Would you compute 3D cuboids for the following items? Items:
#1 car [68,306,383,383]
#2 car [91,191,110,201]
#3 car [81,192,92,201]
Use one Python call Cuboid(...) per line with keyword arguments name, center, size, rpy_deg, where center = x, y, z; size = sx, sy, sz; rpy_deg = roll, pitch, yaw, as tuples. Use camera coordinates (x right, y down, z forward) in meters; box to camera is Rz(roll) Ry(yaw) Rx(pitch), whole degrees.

· · · ·

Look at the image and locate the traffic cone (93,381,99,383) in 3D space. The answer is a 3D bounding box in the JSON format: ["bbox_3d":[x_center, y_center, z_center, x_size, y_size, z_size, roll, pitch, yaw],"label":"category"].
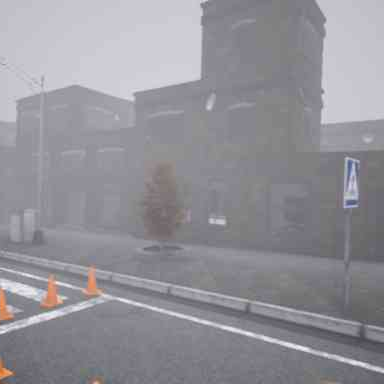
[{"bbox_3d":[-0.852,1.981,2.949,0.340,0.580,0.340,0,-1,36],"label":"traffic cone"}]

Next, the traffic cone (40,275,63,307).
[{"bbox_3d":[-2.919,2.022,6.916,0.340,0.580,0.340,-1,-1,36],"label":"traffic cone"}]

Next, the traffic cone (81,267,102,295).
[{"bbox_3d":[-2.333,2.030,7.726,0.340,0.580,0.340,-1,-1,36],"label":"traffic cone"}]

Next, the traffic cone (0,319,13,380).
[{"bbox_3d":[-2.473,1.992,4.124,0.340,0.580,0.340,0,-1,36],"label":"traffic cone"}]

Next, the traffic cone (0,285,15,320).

· · · ·

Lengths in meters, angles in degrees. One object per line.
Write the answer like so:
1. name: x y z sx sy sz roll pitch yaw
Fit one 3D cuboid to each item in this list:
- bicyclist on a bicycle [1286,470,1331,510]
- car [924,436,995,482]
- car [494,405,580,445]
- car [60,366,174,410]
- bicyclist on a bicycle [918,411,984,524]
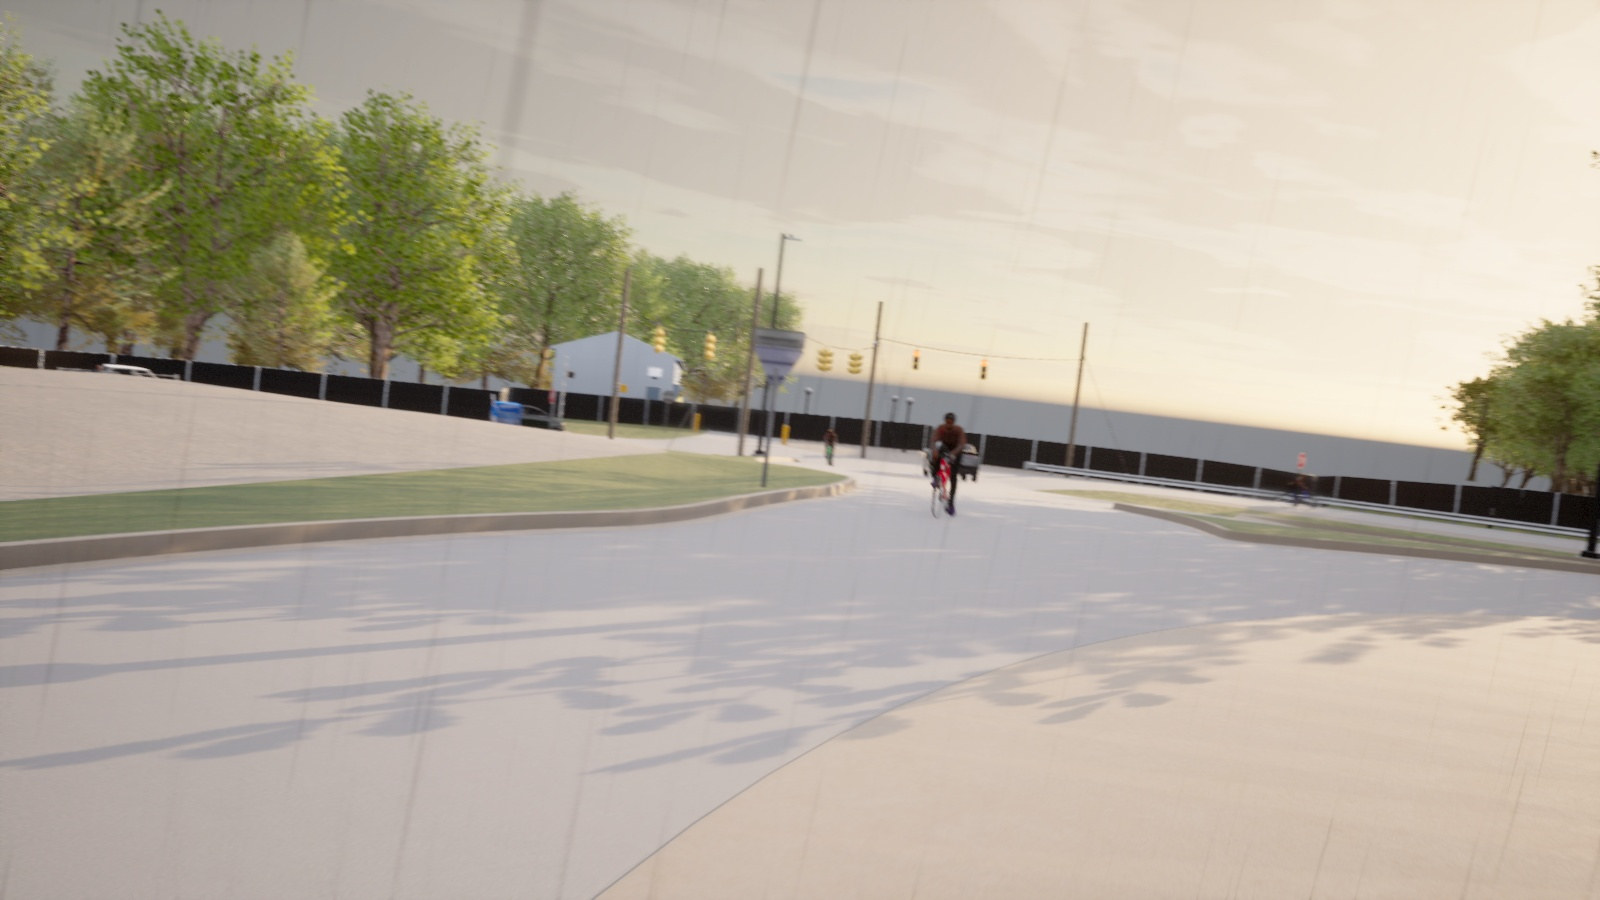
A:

· · · ·

**WHAT YOU SHOULD DO**
Keeping every character as it is, restate the lines above that run from the line with "Next, the traffic cone (0,319,13,380)." through the line with "Next, the traffic cone (0,285,15,320).", both included, and nothing else.

**RESPONSE AREA**
Next, the traffic cone (0,319,13,380).
[{"bbox_3d":[-2.473,1.992,4.124,0.340,0.580,0.340,0,-1,36],"label":"traffic cone"}]

Next, the traffic cone (0,285,15,320).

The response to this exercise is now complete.